I have no idea what a “faster” language is compared to C++, but I would want to see nontrivial metrics (forget Towers of Hanoi, Sieve of Eratosthenes, and similar toy programs. Compare code size and performance of systems 100K SLOC Source Lines of Code or better). I suspect that Microsoft C++ and gcc can run circles around GO. And take a look at Java HotSpot dynamic compilation and optimization before comparing Java to C++ or any other language. We used to see the same silly comparisons for language complexity, because you could implement “Hello, world” in BASIC in only one line, but every other language took lots of lines and correct punctuation. But you couldn’t maintain 100K SLOC written in BASIC (and I mean the original BASIC, not languages like Visual BASIC, which are modern languages with a few pieces of syntax borrowed from the original Darmouth BASIC).

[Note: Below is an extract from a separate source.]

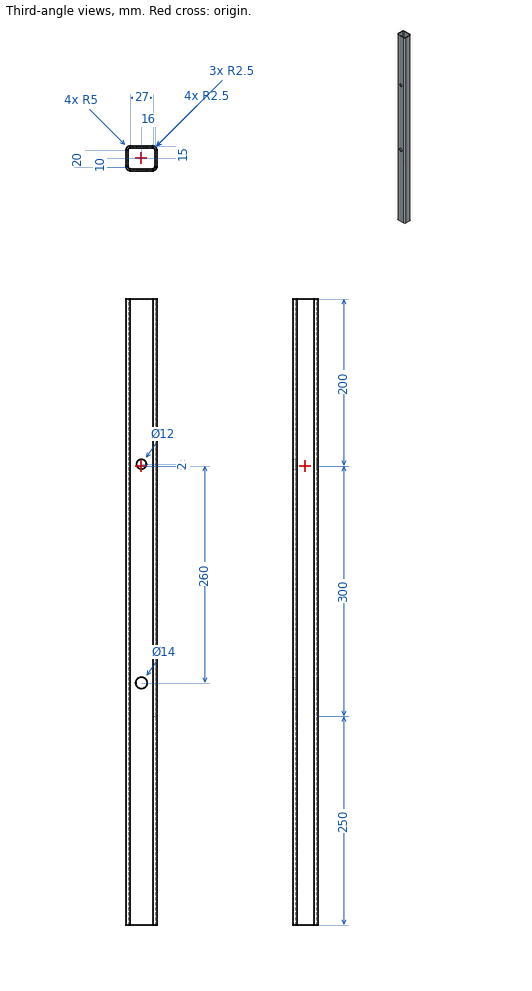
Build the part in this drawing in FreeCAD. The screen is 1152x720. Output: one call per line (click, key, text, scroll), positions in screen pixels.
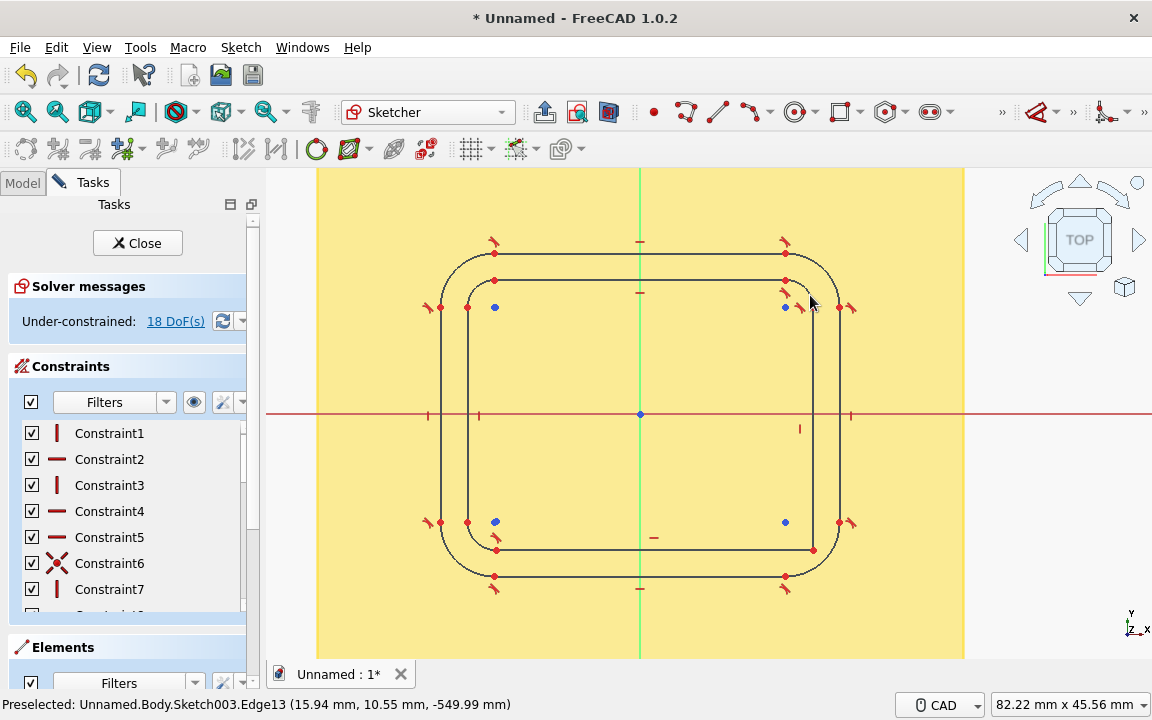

A good optimizing compiler can take you through a dozen levels of abstraction and generate half an instruction. I don’t trust anyone who says “Language X is faster than Language Y” unless they give details of the metrics they used. Anyone can write a compiler that makes trivial code examples run quickly. Professional compilers can make 100K SLOC be smaller or faster,, independent of the source language.
Each time we added an optimization to the compiler, we knew that it might improve the code by 1%-3%. But put a couple hundred such optimizations in, and “compound interest” wins big. Some years ago, IBM was dismayed that under SPECMark array benchmarks, their compiler ran at 45 SPECMarks and Sun’s ran at 61 (bigger is better). So they wrote a program that took a configuration of the cache behavior of different models of their RISC6000, and wrote a FORTRAN program that took, as input, a FORTRAN program, and produced, as output, another FORTRAN program which did the exact same computation, but segmented the data to maximize cache hits. They ran the array example through this and got a score of…wait for it…900! Many modern FORTRAN compilers now incorporate these transformations internally (this experiment was done in the early 1990s).
Debates about “faster” languages are just plain silly. It’s the compiler that makes the difference.